### Task directions
In the entries below, find the line with "- person (423, 605, 456, 684)" and the line with "2D boxes in". Return those two lines and all lines between them, exactly.

### Source material
<<<<

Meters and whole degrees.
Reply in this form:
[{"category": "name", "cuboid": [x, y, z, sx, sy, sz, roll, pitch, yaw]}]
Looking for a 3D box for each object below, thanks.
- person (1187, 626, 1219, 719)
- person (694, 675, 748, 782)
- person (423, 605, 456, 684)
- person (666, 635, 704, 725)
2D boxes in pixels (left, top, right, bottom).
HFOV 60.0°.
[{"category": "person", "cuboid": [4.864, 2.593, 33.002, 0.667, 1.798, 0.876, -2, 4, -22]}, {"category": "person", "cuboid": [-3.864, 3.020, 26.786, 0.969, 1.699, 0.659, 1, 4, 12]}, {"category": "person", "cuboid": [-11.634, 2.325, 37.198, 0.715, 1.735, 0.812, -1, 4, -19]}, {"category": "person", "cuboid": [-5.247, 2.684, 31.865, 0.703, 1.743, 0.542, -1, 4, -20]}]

>>>>
<<<<

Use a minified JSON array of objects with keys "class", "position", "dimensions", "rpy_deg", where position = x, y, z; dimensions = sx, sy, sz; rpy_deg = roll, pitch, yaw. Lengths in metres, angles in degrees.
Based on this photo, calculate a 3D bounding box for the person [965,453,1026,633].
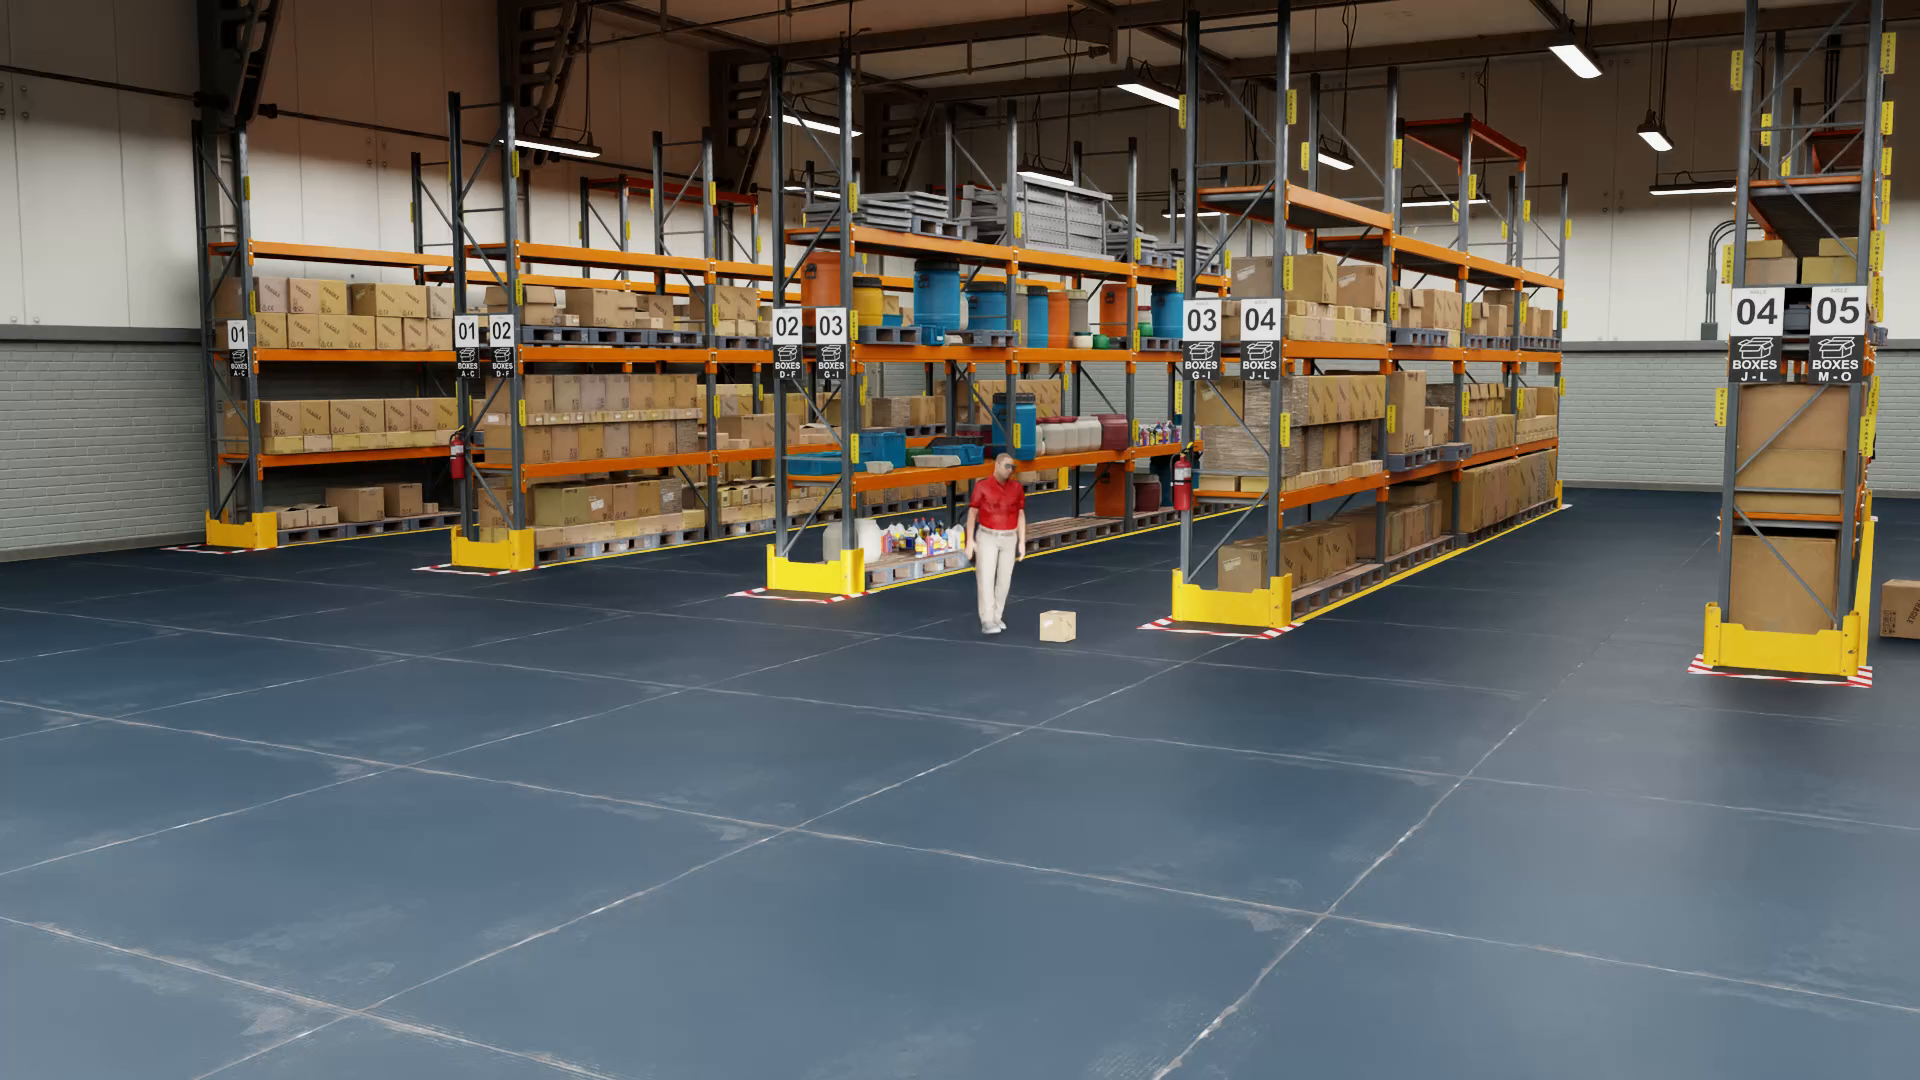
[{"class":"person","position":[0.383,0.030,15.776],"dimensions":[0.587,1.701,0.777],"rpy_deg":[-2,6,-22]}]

>>>>

### Written answer
- person (423, 605, 456, 684)
- person (666, 635, 704, 725)
2D boxes in pixels (left, top, right, bottom).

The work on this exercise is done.